I plopped down in my room, took out my laptop, went through the “connect to the Internet” process which appeared to cost $9.95 for the day, and got to work.

After 10 minutes I knew I was screwed. The Internet performance was painfully slow. Since I had back to back calls, I didn’t have a window to call “tech support” and have them take a look so I put up with it for a little while. I figured I’d use my iPhone as a hotspot as the backup and switched over to it. That was even worse. I tried to make a phone call with my iPhone instead of Google Voice. It took three tries for it to go through and then it dropped after 60 seconds.

I was officially in RidiculousTelecommunicationStan. I struggled through the first few calls (anyone on the other end, especially the poor souls on Skype, could probably sense my frustration and theirs was probably higher) before giving up and switching to the landline in my room. Yes – a landline. I had to think for a moment whether to dial 9 first or 8 first (remember that I’m in a hotel), got it right, and simply made all the calls from that phone. Internet performance was still miserable, but by using Sparrow I managed to work “semi-offline”  and the emails went through what seemed to be simulating a 2400 baud modem.

Eventually I had 15 minutes between calls so I pressed the “Service Express” button on the phone to ask for Internet tech support. The nice person took down my info and said someone would call me back. They did 15 minutes later which overlapped with my next call. I eventually called them back just as I finished up but before I left for dinner. We did all the standard troubleshooting things which indicated that the Internet was slow and after an escalation, resulted in someone “resetting a router” remotely. I went to dinner, was about 15 minutes late, but was optimistic that when I got home I’d be able to jam through another hour or so of email.

No such luck.

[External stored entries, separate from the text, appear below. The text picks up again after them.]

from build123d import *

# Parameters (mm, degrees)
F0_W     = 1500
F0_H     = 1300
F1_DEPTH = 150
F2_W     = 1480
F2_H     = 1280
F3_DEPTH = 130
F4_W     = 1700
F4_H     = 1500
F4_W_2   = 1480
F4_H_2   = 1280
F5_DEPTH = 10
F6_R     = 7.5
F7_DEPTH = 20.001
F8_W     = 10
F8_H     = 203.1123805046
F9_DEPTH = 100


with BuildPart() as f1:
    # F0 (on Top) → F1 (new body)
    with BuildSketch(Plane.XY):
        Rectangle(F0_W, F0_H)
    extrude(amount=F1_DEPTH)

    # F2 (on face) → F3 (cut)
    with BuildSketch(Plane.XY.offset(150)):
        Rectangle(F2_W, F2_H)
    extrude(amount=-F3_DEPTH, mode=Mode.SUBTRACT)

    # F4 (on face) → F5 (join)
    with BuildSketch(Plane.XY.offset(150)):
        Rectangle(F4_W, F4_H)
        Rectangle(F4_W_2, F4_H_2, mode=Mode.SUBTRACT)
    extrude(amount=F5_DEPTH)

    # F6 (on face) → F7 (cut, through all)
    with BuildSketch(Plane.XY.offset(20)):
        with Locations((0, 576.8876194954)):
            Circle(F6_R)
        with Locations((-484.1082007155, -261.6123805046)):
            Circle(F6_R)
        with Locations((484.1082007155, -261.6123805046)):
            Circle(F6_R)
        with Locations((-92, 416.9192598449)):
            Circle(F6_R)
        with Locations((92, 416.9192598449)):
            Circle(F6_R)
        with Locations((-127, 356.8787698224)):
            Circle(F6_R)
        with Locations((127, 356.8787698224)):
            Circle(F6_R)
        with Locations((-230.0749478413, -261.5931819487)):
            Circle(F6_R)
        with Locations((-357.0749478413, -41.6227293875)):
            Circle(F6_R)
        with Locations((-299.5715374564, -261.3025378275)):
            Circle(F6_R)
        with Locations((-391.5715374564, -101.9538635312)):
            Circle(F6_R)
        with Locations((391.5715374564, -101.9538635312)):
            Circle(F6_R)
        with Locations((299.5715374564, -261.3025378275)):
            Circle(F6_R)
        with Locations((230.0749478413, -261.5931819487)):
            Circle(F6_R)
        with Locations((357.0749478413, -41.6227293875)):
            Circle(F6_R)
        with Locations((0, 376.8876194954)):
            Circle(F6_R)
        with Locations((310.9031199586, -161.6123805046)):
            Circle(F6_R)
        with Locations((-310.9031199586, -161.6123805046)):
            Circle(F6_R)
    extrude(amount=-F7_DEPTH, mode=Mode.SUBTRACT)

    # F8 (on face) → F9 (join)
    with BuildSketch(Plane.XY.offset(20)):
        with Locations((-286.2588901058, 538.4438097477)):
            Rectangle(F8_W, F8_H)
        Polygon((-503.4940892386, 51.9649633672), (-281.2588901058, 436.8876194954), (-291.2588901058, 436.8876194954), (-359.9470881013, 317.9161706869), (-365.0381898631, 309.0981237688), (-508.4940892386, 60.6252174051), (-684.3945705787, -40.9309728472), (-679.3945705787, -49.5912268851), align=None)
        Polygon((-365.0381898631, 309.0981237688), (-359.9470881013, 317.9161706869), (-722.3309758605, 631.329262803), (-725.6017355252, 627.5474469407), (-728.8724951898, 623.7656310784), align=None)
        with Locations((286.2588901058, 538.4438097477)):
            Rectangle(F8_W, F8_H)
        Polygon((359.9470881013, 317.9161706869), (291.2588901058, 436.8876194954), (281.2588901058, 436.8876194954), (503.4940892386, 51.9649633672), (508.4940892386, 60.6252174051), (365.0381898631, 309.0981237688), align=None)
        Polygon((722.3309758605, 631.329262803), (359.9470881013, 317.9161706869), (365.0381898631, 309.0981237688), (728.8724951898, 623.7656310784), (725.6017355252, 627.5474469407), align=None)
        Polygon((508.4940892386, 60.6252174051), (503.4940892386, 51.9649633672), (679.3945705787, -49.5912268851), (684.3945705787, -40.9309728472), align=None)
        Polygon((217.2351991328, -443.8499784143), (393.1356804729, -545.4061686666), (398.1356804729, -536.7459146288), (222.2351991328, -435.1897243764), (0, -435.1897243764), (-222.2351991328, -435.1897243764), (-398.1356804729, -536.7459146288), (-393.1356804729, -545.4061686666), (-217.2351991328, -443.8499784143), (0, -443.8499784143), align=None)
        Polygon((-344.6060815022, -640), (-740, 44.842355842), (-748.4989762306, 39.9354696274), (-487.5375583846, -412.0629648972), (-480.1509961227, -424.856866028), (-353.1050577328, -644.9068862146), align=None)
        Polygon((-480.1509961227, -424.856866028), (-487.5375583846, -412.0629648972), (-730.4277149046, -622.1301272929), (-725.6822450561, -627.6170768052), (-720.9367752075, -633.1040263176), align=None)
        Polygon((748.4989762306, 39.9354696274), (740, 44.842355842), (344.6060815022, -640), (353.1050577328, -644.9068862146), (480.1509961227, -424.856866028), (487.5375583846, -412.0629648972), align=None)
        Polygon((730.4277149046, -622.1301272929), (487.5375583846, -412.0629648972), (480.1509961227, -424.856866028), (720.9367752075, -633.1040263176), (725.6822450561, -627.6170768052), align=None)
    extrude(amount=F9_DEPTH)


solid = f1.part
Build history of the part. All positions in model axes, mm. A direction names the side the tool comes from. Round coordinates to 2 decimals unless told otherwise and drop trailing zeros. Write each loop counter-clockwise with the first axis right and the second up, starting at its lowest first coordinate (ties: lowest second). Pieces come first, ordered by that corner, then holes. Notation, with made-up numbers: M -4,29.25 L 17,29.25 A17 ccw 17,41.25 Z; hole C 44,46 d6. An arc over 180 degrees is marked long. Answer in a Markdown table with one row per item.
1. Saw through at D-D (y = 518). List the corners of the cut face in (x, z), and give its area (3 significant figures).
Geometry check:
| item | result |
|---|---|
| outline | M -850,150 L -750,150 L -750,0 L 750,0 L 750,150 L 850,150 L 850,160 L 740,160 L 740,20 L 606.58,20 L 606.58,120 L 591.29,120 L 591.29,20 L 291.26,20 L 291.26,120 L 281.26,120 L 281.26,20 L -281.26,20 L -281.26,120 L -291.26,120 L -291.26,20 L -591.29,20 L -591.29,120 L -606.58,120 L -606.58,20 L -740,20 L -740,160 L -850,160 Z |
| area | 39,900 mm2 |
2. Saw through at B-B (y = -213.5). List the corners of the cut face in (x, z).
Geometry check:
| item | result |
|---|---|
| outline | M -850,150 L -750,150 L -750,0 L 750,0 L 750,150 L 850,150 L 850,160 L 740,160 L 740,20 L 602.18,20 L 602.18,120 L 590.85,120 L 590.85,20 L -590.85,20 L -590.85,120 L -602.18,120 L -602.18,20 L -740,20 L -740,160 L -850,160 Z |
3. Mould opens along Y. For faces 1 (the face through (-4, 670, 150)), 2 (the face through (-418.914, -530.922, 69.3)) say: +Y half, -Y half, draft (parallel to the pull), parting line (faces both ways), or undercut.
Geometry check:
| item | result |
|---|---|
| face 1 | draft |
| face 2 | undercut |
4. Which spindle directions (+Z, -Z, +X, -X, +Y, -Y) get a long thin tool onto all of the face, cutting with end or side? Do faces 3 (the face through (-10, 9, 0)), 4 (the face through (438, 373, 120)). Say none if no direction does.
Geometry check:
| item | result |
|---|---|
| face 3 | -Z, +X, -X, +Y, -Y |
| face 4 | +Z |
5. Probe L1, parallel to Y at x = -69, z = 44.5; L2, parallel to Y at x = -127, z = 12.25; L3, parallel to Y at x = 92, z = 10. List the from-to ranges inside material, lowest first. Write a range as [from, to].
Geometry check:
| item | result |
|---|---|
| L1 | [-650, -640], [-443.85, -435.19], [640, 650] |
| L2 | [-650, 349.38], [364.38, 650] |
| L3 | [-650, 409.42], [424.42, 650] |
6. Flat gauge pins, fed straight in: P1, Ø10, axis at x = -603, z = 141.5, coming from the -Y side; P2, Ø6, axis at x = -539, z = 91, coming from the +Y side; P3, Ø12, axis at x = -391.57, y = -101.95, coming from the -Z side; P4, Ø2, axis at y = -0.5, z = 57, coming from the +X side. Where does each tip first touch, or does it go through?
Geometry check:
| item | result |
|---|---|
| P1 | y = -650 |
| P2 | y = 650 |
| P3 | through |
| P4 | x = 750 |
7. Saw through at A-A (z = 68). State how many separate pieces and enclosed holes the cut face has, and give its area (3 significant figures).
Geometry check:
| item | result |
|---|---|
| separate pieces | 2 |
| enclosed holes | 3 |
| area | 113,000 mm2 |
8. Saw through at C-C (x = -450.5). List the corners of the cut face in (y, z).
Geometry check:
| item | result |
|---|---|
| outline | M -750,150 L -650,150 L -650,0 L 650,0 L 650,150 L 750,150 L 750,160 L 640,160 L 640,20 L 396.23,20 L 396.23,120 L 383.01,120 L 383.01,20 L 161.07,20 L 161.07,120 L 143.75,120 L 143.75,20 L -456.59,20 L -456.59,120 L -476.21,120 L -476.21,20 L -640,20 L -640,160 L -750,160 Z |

After calling Amy on the land line and saying goodnight, I struggled through 15 minutes of email before deciding to just screw it and go to bed. I tweeted out my frustration and quickly got a response from @StarwoodBuzz that said “Sorry about that. If you can DM us your stay details in full, we can do our best to help. We’ve followed you.” Nice, but I was done for the night, closed my laptop, and will DM them this blog post and see what happens.

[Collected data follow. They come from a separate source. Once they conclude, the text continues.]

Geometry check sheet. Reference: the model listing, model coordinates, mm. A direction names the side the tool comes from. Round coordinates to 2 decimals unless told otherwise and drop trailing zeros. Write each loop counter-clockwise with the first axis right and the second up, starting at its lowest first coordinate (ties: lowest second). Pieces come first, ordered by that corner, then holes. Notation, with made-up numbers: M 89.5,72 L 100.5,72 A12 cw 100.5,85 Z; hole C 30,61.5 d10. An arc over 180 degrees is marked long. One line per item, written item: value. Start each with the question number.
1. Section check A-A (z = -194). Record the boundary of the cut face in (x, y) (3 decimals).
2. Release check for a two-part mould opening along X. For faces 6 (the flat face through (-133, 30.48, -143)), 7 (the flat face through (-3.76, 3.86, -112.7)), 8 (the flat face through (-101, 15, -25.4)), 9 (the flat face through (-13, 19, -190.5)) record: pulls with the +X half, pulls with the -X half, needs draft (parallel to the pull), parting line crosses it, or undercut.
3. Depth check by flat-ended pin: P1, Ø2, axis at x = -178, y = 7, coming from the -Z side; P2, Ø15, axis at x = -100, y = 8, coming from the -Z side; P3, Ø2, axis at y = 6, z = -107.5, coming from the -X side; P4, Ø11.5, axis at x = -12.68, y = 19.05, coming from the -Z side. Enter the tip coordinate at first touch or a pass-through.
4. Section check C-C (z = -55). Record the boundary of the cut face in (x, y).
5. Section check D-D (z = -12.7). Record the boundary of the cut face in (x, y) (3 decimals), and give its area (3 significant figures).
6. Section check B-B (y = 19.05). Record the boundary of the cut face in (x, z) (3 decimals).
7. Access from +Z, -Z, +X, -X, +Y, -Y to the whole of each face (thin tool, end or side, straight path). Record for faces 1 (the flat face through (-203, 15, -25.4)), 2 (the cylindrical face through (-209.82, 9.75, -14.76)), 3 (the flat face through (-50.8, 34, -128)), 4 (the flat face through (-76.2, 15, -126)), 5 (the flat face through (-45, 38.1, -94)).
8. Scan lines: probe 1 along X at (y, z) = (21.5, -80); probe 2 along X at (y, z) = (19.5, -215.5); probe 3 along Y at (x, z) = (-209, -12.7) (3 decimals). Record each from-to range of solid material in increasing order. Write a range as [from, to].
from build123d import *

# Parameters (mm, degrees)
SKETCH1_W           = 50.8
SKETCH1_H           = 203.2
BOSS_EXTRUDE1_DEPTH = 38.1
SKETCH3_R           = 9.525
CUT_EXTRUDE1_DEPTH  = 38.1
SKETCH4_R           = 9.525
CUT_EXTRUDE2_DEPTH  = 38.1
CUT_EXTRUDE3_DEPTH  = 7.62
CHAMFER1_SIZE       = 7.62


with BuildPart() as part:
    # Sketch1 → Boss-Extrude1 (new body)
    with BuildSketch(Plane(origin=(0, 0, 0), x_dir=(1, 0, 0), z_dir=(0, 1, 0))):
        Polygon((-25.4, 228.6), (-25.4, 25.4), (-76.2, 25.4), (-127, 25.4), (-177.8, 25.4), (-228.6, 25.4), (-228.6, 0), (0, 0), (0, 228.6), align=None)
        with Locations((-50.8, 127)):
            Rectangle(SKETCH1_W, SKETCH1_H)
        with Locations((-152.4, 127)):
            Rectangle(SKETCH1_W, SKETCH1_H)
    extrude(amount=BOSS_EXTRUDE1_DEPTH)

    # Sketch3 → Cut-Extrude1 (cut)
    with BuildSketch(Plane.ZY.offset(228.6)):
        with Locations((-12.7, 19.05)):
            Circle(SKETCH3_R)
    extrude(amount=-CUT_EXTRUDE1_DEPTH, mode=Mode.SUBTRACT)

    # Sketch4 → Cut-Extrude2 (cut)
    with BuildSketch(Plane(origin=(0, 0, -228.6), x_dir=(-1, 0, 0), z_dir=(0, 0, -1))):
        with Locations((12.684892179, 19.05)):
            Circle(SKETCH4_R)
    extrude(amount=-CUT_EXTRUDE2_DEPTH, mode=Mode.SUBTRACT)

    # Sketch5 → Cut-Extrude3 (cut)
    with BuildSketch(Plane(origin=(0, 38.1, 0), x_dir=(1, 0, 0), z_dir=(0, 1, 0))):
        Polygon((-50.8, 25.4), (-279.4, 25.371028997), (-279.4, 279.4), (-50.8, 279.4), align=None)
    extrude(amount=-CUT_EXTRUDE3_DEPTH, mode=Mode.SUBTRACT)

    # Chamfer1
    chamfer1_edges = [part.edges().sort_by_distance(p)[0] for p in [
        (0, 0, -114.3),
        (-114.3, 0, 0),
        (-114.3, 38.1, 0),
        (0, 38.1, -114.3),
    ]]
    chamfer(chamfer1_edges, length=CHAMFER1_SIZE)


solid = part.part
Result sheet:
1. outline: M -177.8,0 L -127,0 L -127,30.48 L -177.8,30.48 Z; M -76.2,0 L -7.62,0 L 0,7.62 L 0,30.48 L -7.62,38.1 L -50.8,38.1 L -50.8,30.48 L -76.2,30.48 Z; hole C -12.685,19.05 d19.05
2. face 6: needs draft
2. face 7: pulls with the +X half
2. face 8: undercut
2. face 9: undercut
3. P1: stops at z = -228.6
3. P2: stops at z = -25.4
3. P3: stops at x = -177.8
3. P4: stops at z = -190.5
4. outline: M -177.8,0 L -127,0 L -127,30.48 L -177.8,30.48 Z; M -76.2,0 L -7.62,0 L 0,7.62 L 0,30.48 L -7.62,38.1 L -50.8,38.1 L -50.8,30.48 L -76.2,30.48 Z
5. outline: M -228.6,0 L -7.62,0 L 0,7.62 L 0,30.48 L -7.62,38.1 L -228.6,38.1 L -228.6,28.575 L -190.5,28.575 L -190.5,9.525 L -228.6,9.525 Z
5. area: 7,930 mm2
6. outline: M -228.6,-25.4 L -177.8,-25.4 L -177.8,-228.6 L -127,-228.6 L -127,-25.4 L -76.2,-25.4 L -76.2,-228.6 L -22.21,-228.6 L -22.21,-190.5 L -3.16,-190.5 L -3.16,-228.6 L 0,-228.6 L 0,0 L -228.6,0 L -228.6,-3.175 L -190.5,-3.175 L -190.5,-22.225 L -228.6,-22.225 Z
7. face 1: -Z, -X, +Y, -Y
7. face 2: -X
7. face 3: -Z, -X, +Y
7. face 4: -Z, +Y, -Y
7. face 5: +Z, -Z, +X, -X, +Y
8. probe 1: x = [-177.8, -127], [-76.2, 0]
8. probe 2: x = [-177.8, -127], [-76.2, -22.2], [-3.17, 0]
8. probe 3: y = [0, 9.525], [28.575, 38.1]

And then I woke up this morning, started a cup of coffee, and noticed by $180.76 bill for 10 phone calls. Total stupidity on the part of Starwood where I’m apparently a “not very preferred guest.” It’s been a long time since I resorted to using the landline in my hotel room and it didn’t even occur to me that they’d rip me off like this. I remember staying in a Marriott near an airport recently and the cost for Internet and unlimited long distance phone calls was $9.95, so I’m doubly perplexed. And I don’t see any of those little plastic signs saying “if you use this phone to make a call we are going to charge you $2 per minute” (which is what it appears they were charging based on a few of the calls.)

I can’t remember the last time I made a fuss when I checked out over a hotel bill. I’m sure I eat some extra charges her and there, but whatever. This morning, when I head downstairs, I’ll ask to have all the phone calls taken off my bill. We will see what happens.

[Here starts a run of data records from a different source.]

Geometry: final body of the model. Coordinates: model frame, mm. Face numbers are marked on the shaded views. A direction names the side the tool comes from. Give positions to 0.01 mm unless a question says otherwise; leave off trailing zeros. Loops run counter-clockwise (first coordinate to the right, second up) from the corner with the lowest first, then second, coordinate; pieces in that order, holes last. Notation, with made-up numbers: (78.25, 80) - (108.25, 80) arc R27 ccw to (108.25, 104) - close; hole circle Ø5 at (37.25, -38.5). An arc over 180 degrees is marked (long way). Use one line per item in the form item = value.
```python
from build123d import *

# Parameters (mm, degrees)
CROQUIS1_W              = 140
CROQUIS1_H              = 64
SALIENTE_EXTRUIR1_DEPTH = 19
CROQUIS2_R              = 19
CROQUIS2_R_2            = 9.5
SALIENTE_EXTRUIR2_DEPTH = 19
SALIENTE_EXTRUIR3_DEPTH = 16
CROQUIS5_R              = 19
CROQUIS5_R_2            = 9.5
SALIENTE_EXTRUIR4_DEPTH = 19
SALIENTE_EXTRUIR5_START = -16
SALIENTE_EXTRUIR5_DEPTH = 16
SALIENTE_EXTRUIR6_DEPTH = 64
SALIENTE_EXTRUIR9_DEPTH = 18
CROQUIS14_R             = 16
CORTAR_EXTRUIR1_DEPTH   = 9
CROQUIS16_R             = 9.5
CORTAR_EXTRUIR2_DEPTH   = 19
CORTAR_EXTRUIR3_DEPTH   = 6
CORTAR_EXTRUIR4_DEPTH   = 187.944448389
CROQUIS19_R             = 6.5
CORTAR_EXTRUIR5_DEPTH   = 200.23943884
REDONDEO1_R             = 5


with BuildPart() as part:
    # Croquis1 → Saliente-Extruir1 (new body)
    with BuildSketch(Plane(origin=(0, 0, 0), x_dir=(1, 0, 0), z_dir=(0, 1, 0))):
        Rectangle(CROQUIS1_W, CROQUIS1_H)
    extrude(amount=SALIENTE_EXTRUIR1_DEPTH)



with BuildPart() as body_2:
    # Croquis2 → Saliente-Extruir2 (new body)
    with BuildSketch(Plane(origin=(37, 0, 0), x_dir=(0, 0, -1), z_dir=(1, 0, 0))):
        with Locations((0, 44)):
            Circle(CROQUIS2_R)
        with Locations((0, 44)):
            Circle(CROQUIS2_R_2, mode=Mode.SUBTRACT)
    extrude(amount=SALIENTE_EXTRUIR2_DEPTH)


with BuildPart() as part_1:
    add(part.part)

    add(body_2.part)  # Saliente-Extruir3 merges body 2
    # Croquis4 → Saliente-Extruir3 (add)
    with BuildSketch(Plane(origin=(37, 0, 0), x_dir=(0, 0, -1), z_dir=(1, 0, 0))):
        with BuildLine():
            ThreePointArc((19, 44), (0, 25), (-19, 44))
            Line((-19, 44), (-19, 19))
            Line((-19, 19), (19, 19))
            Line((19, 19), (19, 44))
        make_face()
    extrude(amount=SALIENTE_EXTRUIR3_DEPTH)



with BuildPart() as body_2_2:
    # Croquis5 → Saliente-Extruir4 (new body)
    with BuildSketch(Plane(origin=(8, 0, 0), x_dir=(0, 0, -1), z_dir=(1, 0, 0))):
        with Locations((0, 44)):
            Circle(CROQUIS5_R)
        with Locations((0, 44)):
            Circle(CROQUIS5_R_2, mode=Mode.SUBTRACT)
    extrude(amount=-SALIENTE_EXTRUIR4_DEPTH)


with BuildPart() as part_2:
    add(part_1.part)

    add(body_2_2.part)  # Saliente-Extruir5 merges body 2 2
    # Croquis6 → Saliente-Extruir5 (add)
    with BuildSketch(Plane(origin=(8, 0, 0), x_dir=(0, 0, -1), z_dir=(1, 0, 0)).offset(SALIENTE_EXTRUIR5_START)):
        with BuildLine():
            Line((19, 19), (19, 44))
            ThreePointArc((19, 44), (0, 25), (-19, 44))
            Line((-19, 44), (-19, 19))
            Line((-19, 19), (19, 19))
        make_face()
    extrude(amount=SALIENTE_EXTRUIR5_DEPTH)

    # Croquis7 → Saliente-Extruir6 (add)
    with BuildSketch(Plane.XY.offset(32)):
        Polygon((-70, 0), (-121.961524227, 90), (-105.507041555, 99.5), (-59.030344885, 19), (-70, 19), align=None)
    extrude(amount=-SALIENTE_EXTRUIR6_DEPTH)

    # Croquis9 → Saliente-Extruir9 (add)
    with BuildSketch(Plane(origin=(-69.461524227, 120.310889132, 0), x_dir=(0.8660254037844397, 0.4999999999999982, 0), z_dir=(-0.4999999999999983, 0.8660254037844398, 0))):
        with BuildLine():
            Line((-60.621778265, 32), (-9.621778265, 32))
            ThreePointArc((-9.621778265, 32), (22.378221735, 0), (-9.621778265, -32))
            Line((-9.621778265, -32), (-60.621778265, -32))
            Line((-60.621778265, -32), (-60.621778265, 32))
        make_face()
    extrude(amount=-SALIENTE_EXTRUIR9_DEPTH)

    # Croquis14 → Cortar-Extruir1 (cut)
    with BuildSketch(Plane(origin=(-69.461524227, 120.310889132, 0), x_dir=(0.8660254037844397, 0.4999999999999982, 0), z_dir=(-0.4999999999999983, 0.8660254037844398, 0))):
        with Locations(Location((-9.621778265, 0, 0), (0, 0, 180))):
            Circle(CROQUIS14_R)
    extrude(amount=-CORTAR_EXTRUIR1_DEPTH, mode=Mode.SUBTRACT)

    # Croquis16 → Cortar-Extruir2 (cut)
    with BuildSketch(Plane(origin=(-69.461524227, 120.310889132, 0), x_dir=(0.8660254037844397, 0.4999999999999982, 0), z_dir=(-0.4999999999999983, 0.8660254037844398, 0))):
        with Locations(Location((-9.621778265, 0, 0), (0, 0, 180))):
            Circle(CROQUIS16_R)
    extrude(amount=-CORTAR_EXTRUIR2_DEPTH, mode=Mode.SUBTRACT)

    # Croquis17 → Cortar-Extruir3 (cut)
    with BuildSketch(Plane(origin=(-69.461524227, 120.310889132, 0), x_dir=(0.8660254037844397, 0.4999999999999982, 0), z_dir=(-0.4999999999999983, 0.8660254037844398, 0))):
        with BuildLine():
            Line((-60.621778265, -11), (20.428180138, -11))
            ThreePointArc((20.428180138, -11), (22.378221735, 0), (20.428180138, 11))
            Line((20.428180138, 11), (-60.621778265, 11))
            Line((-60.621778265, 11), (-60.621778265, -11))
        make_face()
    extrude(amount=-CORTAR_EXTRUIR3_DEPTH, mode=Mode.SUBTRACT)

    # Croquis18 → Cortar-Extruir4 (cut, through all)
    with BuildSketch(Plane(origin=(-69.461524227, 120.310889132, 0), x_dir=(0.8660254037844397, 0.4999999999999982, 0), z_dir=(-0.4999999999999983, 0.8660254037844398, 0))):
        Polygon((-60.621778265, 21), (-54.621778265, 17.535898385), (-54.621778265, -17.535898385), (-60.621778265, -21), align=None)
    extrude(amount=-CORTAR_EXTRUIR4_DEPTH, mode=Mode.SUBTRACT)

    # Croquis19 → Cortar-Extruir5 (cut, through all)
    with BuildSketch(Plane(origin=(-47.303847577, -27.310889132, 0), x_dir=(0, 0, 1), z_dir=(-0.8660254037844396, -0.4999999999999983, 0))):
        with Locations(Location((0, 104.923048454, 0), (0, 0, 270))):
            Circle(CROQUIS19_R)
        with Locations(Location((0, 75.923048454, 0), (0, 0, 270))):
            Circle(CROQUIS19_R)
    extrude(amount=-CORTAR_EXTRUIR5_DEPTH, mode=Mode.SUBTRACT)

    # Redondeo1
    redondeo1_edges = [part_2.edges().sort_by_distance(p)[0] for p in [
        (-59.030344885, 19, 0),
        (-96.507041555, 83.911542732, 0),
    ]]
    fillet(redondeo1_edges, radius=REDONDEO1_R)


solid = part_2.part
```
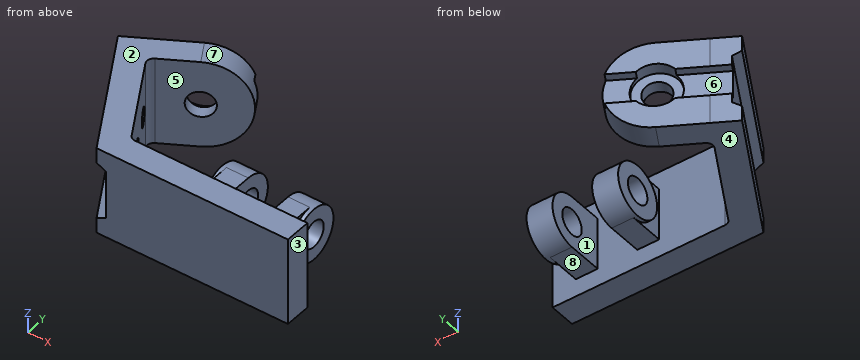
(1) Cut plane C-C (y = 17). Return the cut outline in (x, z).
Solution:
outline = (-79.81, -32) - (70, -32) - (70, 32) - (-79.81, 32) - (-79.81, 21) - (-72.89, 17.54) - (-72.89, -17.54) - (-79.81, -21) - close
(2) Cut plane A-A (x = 2). Return the cut outline in (y, z), plus the area to 3 significant figures.
Solution:
outline = (0, -32) - (19, -32) - (19, -19) - (44, -19) arc R19 ccw to (44, 19) - (19, 19) - (19, 32) - (0, 32) - close; hole circle Ø19 at (44, 0)
area = 2,450 mm2
(3) Cut plane D-D (z = 0). Give the number of separate pieces and of enclosed holes in the cut face, plus the area to 3 significant figures.
Solution:
separate_pieces = 6
enclosed_holes = 0
area = 4,800 mm2
(4) Access query for the marked faces 4, 5, 6, 7 and 8. Directions: +Z, -Z, +X, -X, +Y, -Y. A direction counts if a zero-diameter tool reaches every point of the face in a straight line with its end or side. Return the directions, or none.
Solution:
face_4 = -Z, +X, -X, +Y, -Y
face_5 = +Z, -Z, +X
face_6 = -X, +Y
face_7 = +X, +Y
face_8 = -Z, +X, +Y
(5) Pin query (flat end, axial travel): P1, Ø6, axis at x = -88, z = 25, coming from the -Y side; P2, Ø4.5, axis at x = -63, y = 119.5, coming from the -Z side; P3, Ø11.5, axis at y = 43, z = 8.5, coming from the -X side; P4, Ø10, axis at x = -60, z = 7.5, coming from the -Y side. Return the tip coordinate at first contact, or that it passes through.
Solution:
P1 = 25.98
P2 = -29.43
P3 = -91.22
P4 = 0
(6) Pull-direction query (X, two-part tool) for the marked faces 1, 2 and 3; classes: released by +X, released by -X, zero draft, split by the parting line, or undercut.
Solution:
face_1 = undercut
face_2 = zero draft
face_3 = released by +X
(7) Cut plane B-B (z = -25). Return the cut outline in (x, y), plus the area to 3 significant figures.
Solution:
outline = (-121.96, 90) - (-70, 0) - (70, 0) - (70, 19) - (-56.14, 19) arc R5 cw to (-60.47, 21.5) - (-94.01, 79.58) arc R5 cw to (-92.18, 86.41) - (-51.5, 109.9) - (-60.5, 125.49) - close
area = 5,370 mm2
(8) Material intervals for L1, parallel to Y at x = 49.5, z = 0; L2, parallel to Y at x = -33, z = -10; L3, parallel to Y at x = -53, z = -15, sorted ascending. Write a range as from..to.
Solution:
L1 = 0..34.5, 53.5..63
L2 = 0..19
L3 = 0..19, 109.03..129.09

In the mean time, I’m going to keep reminding myself that this is 2012, not 1996, where we are just discovering the expensive magic of Internet in hotel rooms. I look forward to 2024 when I no longer have a landline in my room and the Internet works flawlessly for the $9.95 I pay a day to use it. Or maybe AT&T will work in the middle of Arlington, Virginia. Or maybe pigs will fly.

Update: The manager at the Starwood Arlington left a message for me that he had reversed all of the charges. So he did the right thing and I appreciate that. An AT&T customer service person also called and assured me he would talk to the hotel and explore if there is a dead spot in the area. I’m now on Acela to NY where their Wifi doesn’t work for shit but AT&T is tethering ok today. Now, if I could only get the soccer mom two rows up to stop telling stories about her 7th grade son’s soccer team I’d maybe be in a less grumpy place.